Sysadmins are a stereotypically grumpy bunch. Oh wait, no, that was infosec people. Or was it infosec sysadmins? The two jobs are intersecting at the corner of cynicism and experience, and while any senior system administrator worth their salt has all the information security basics down, we still find the two camps at logger heads all too frequently.
Information Security frequently covers not only the general aspects of applying sound principles, but also the often ridiculed area of “compliance”, where rules too frequently seem blindly imposed without a full understanding of the practical implications or even their effectiveness. To overcome this divide, it is necessary for both camps to better understand one another’s daily routine, practices, and the reasons behind them.
Information Security professionals would do well to reach out and sit with the operational staff for extended periods of time, to work with them and get an understanding of how the performance, stability, and security requirements are imposed and met in the so-called real-world.

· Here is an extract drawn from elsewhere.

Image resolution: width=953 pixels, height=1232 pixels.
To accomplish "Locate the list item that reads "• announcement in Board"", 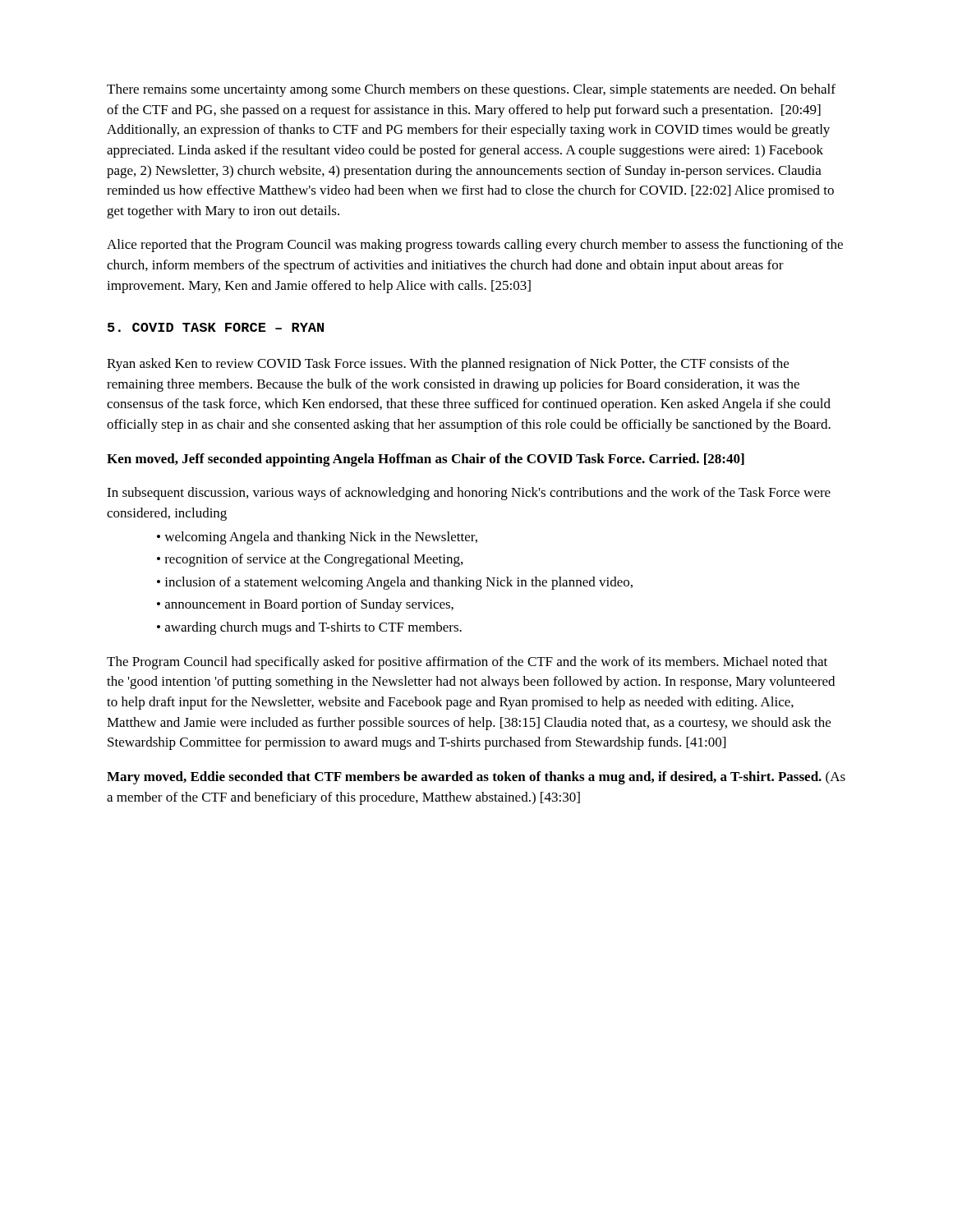I will (x=305, y=604).

Similarly, System Administrators need to understand the reasons behind any requirements imposed or suggested by an organization’s Security team(s). In an attempt to bring the two camps a little bit closer, this post will present some of the general information security principles to show that there’s reason behind what may at times seem madness.
The astute reader will be amused to find occasionally conflicting requirements, statements, or recommendations. It is worthwhile to remember Sturgeon’s Law. (No, not his revelation, although that certainly holds true in information security just as well as in software engineering or internet infrastructure.)

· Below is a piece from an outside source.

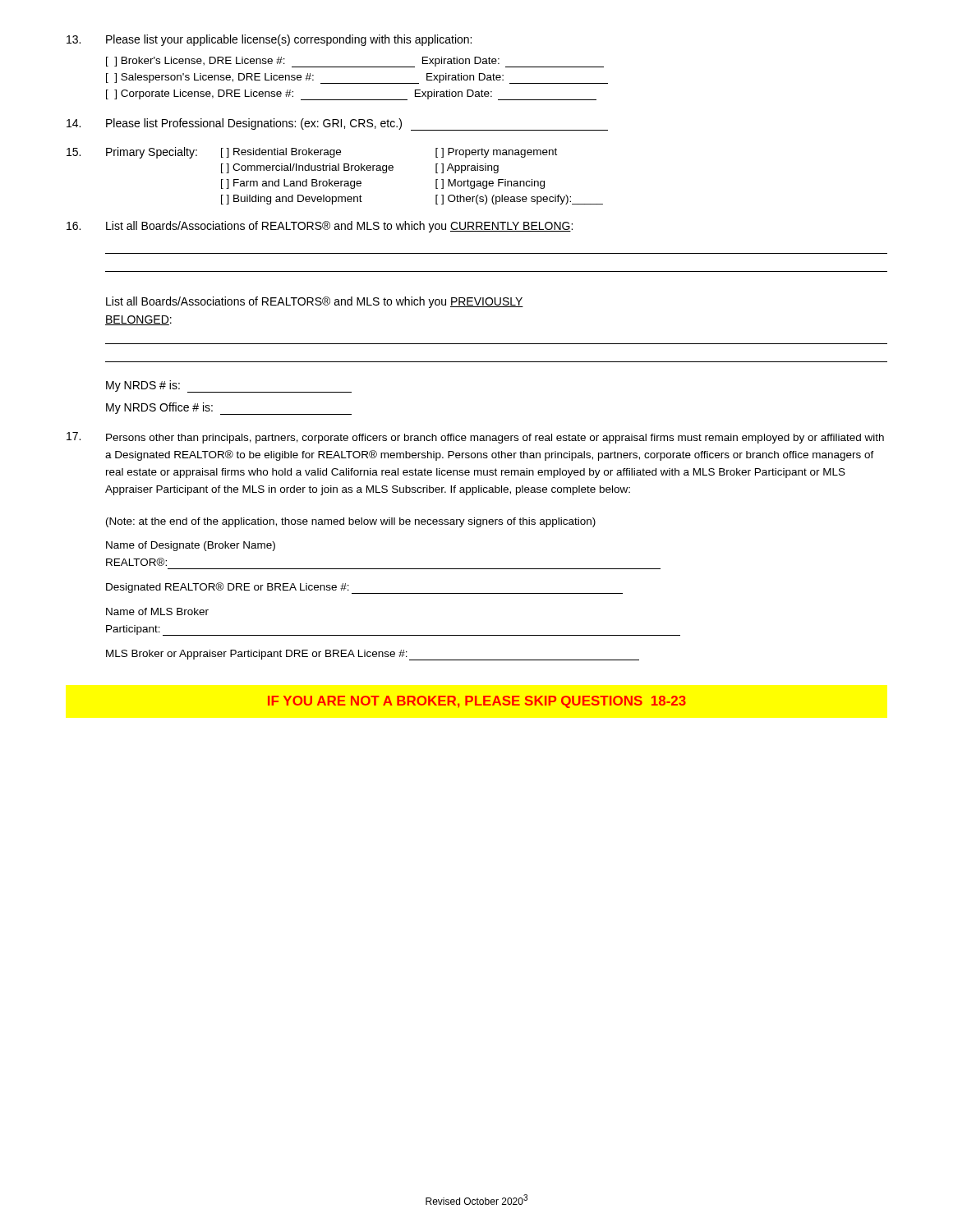Locate the list item containing "15. Primary Specialty:"
953x1232 pixels.
tap(476, 175)

Nothing is always absolutely so.
Understanding this law and knowing when to apply it, to be able to decide when an exception to the rules is warranted is what makes a senior engineer. But before we go making exceptions, let’s first begin by understanding the concepts.
Defense in Depth
Security is like an onion: the more layers you peel away, the more it stinks. Within this analogy lies one of the most fundamental concepts applied over and over to protect your systems, your users and their data: the principle of defense in depth. In simple terms, this means that you must secure your assets against any and all threats – both from the inside (of your organization or network) as well as from the outside. One layer is not enough.

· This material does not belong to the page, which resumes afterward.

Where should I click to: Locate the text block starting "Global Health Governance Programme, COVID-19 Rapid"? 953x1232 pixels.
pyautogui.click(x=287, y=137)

Having a firewall that blocks all traffic from the Big Bad Internet except port 443 does not mean that once you’re on the web server, you should be able to connect to any other system in the network. But this goes further: your organization’s employees connect to your network over a password protected wireless network or perhaps a VPN, but being able to get on the internal network should not grant you access to all other systems, nor to view data flying by across the network. Instead, we want to secure our endpoints and data even against adversaries who already are on a trusted network.
As you will see, defense in depth relates to many of the other concepts we discuss here. For now, keep in mind that you should never rely separate protection outside of your control.
Your biggest threat comes from the inside
Internal services are often used by large numbers of internal users; sometimes they need to be available to all internal users. Even experienced system administrators may question why it is necessary to secure and authenticate a resources that is supposed to be available to “everybody”. But defense in depth requires us to, as it hints at an uncomfortable belief held by your infosec colleagues: your organization either already has been compromised and you just don’t know it, or it will be compromised in the very near future. Always assume that the attacker is already on the inside.
While this may seem paranoid, experience has shown time and again that the majority of attacks occur or are aided from within the trusted network. This is necessarily so: attackers can seldom gather all the information or gain all the access required to achieve their goals purely from the outside (DDoS attacks may count as the obligatory exception to this rule – see above re Sturgeon’s Law). Instead, they usually follow a general process in which they first gain access to a system within the network and then elevate their privileges from there.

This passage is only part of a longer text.